This ability of page on web server to refer to resources on your HD not same as ability of server to *fetch* your file. Just shows it to you. But can fetch too: Another weird ability is <INPUT TYPE=file> to upload from your machine to server. See mailto.html: can't set value, any way to make hidden, how manipulate with JS? Note that not just INPUT TYPE=file; also requires ENCTYPE="multipart/form-data". Text of file comes over as mail msg; reader is warned:

<FORM ACTION="mailto:andrew@ora.com" ENCTYPE="multipart/form-data" METHOD=POST>
<INPUT TYPE=file NAME=file VALUE="c:\autoexec.bat">
<INPUT TYPE=submit>
</FORM>

mailto URLs. Need to support this in geturl, as demo of simplicity of SMTP. Don't need MAPI for this? Note that could do email via anonymous mailers on web (email via http): http://www.yahoo.com/Computers_and_Internet/Security_and_Encryption/Anonymous_Mailers/. See http://www.aros.net/~password/fakemailer.html. Has source code at ftp://ftp.aros.net/pub/users/password/downloadable/fakemailer.tar.gz. Obvious security problems with these sorts of services: see http://www.netcreations.com/fakemail/. Try http://www.srv.net/~allenh/jordan/anoy.html. Tutorials on SMTP programming in VB at http://www.apexsc.com/vb/clbv-digest/i9504/art-10.html, http://www.vb-online.com/sep95/smtp.html. Blat!: http://gepasi.dbs.aber.ac.uk/softw/Blat.html.
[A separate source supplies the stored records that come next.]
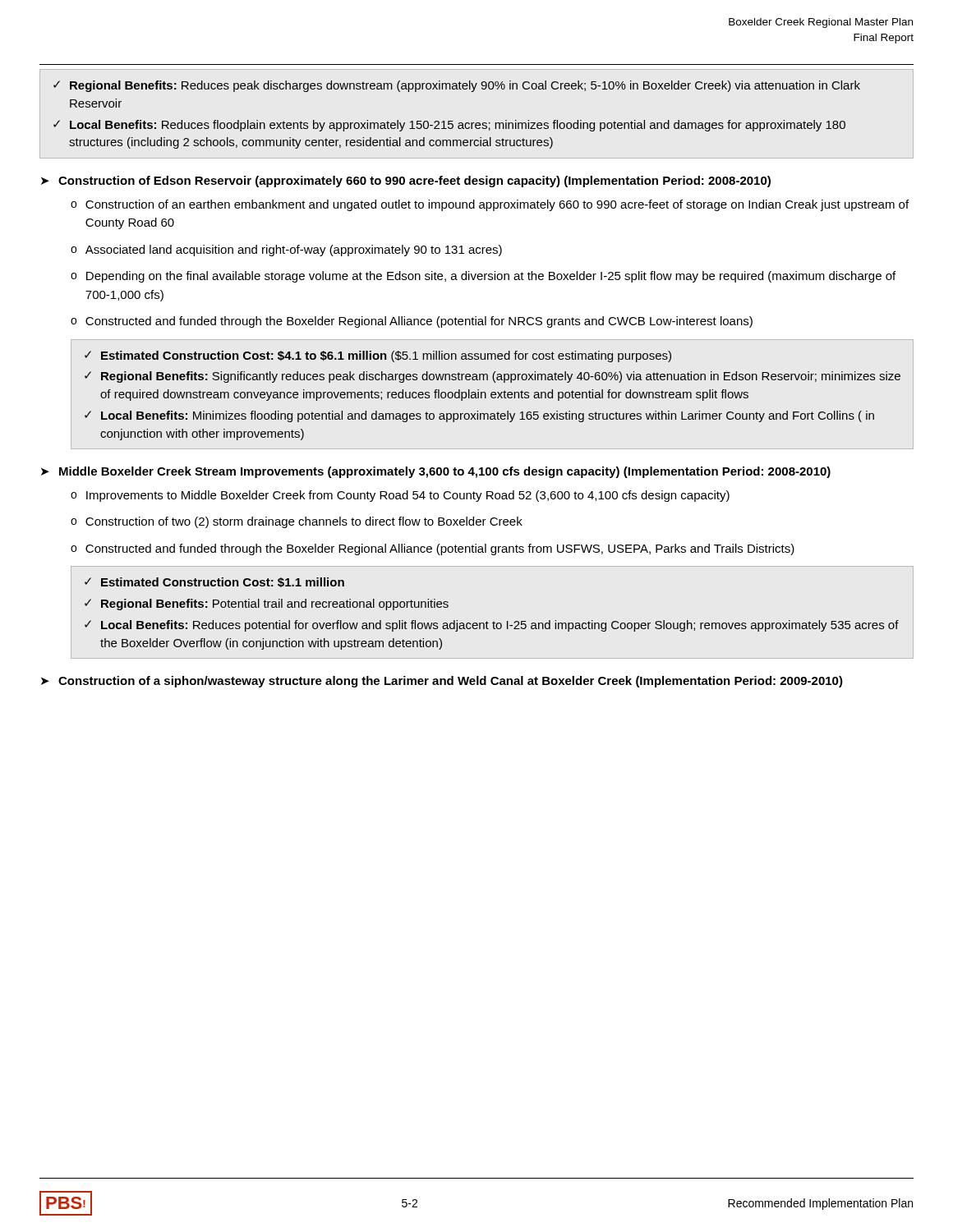Viewport: 953px width, 1232px height.
Task: Click on the list item that reads "✓ Estimated Construction Cost: $1.1 million ✓ Regional"
Action: coord(492,612)
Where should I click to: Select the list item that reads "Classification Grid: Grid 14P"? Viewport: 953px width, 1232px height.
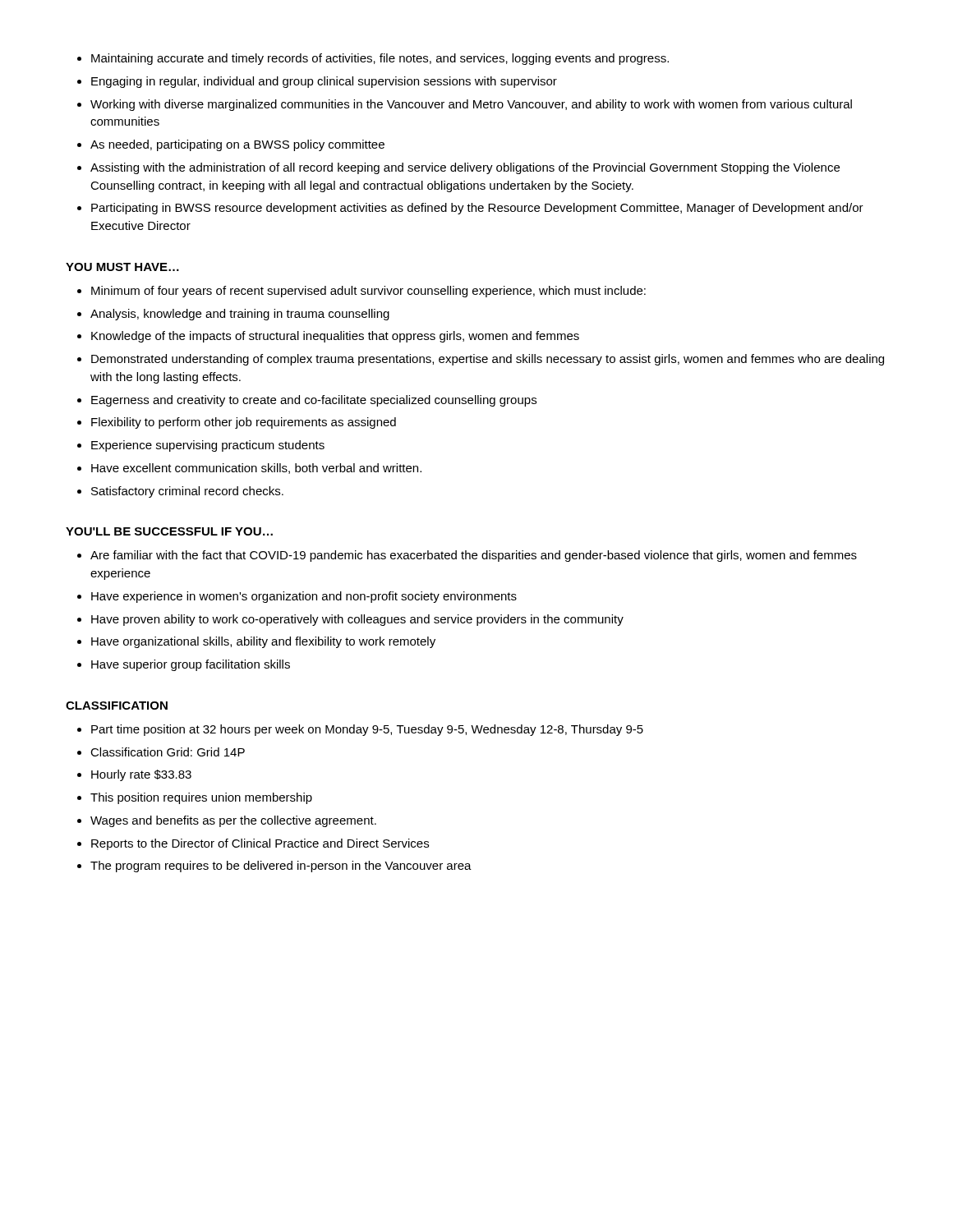168,752
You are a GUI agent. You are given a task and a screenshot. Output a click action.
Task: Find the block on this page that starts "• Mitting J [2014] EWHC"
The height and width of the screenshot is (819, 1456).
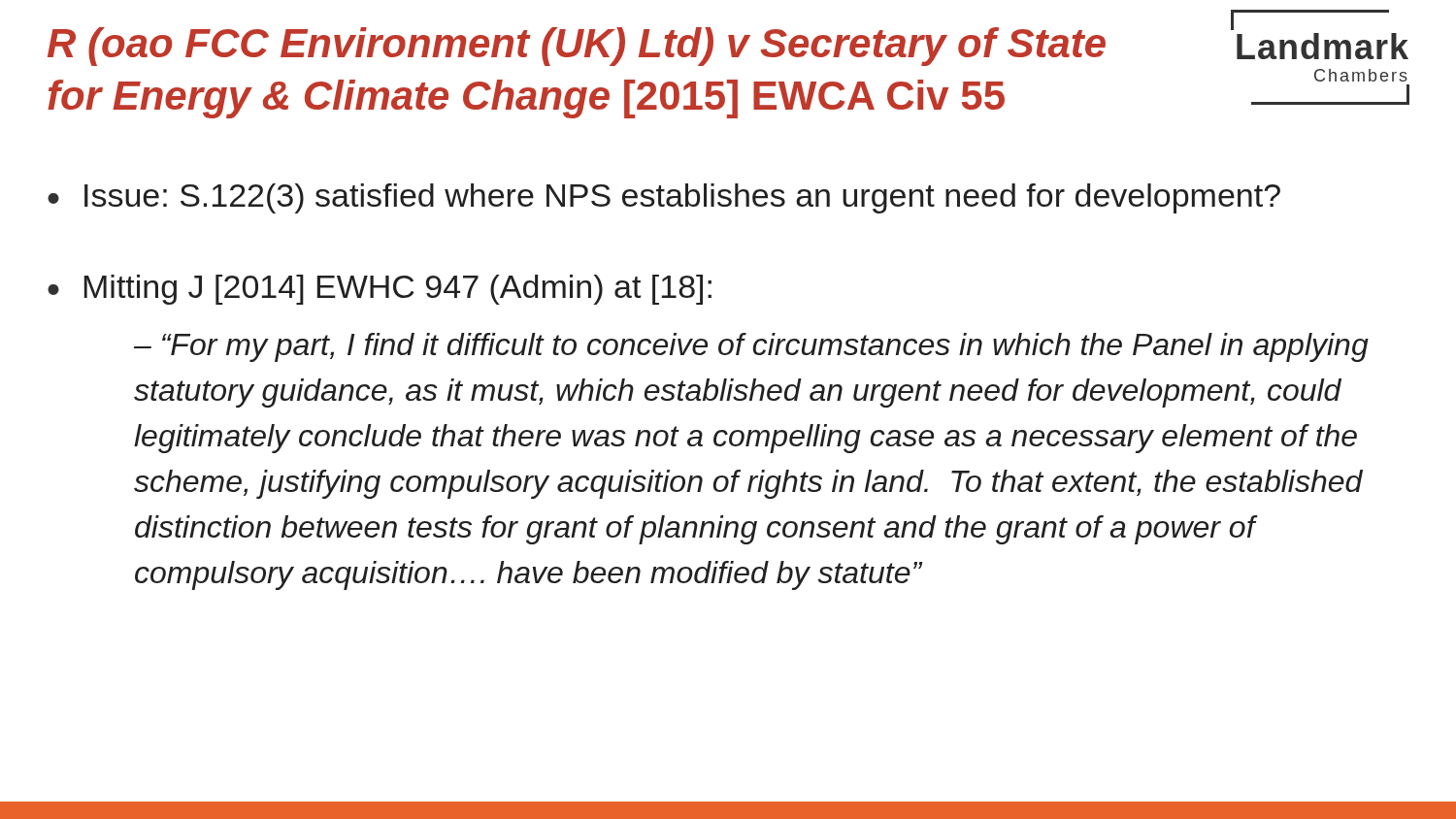click(x=380, y=288)
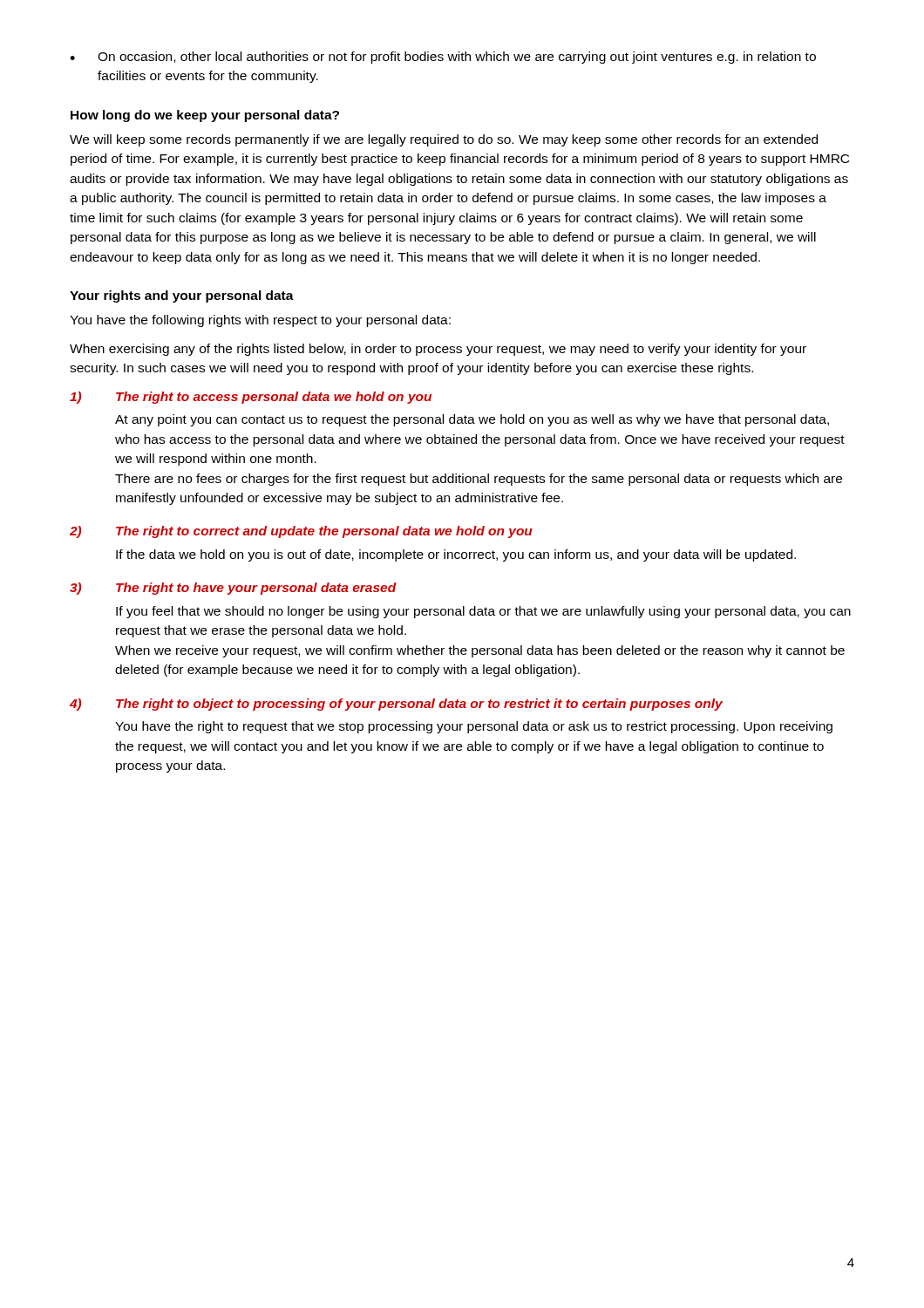Find the block on this page that starts "You have the following rights with respect to"
Viewport: 924px width, 1308px height.
261,320
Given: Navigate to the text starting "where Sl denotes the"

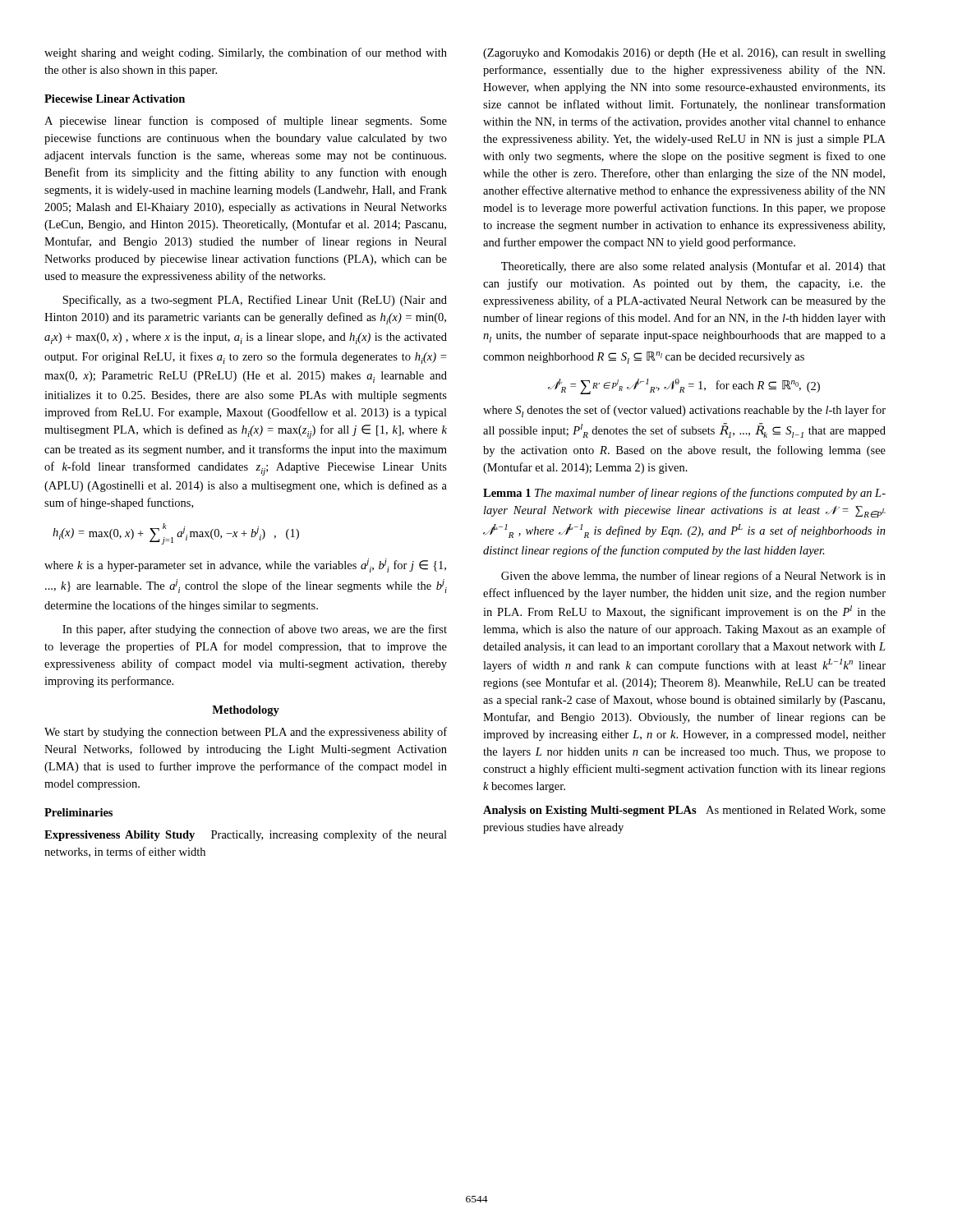Looking at the screenshot, I should pyautogui.click(x=684, y=439).

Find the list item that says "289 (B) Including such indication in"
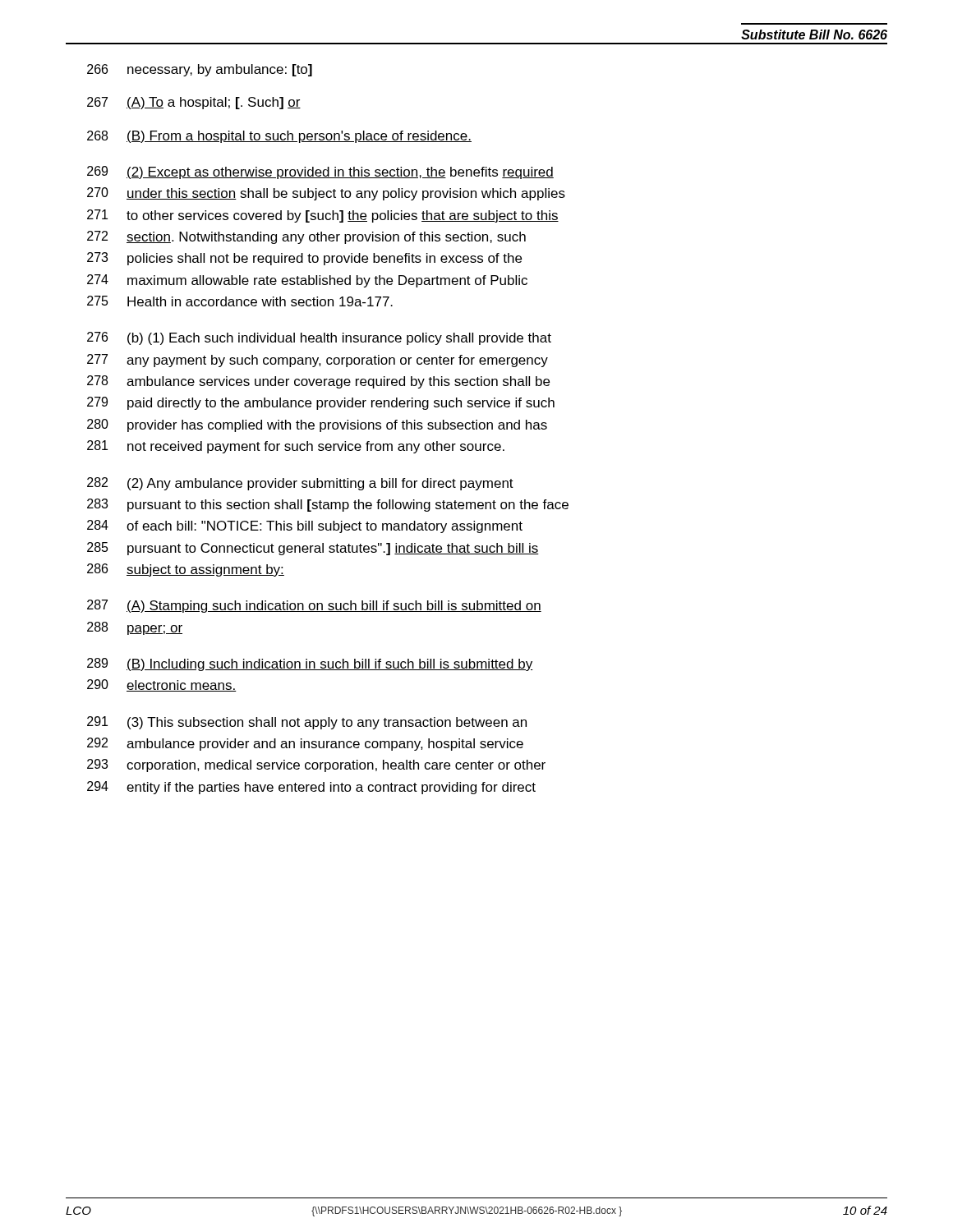coord(476,665)

Suggested URLs for TV, etc.: EETimes article by Alex Wolfe, "URL schemes floated for phones, TV", http://www.techweb.com/se/directlink.cgi?EET19961202S0086: proposal to IETF by Wink Communications. E.g., tv://nbc, tv://kqed or tv://13, phone://+1-516-555-1212, fax://+1-212-555-1212. See draft, "Uniform Resource Locators for Television and Telephony" (ftp://ftp.ietf.cnri.reston.va.us/internet-drafts/draft-zigmond-media-url-00.txt). Shouldn't have the // -- how well thought out was this?? Security considerations section notes:
"...it may be possible to construct a URL so that an attempt to perform a harmless idempotent operation such as the retrieval of an object will in fact cause a possibly damaging remote operation to occur. The telephone dialing URL, in particular, may cause an unwanted telephone call to be placed, possibly resulted in additional telephone charges to the user."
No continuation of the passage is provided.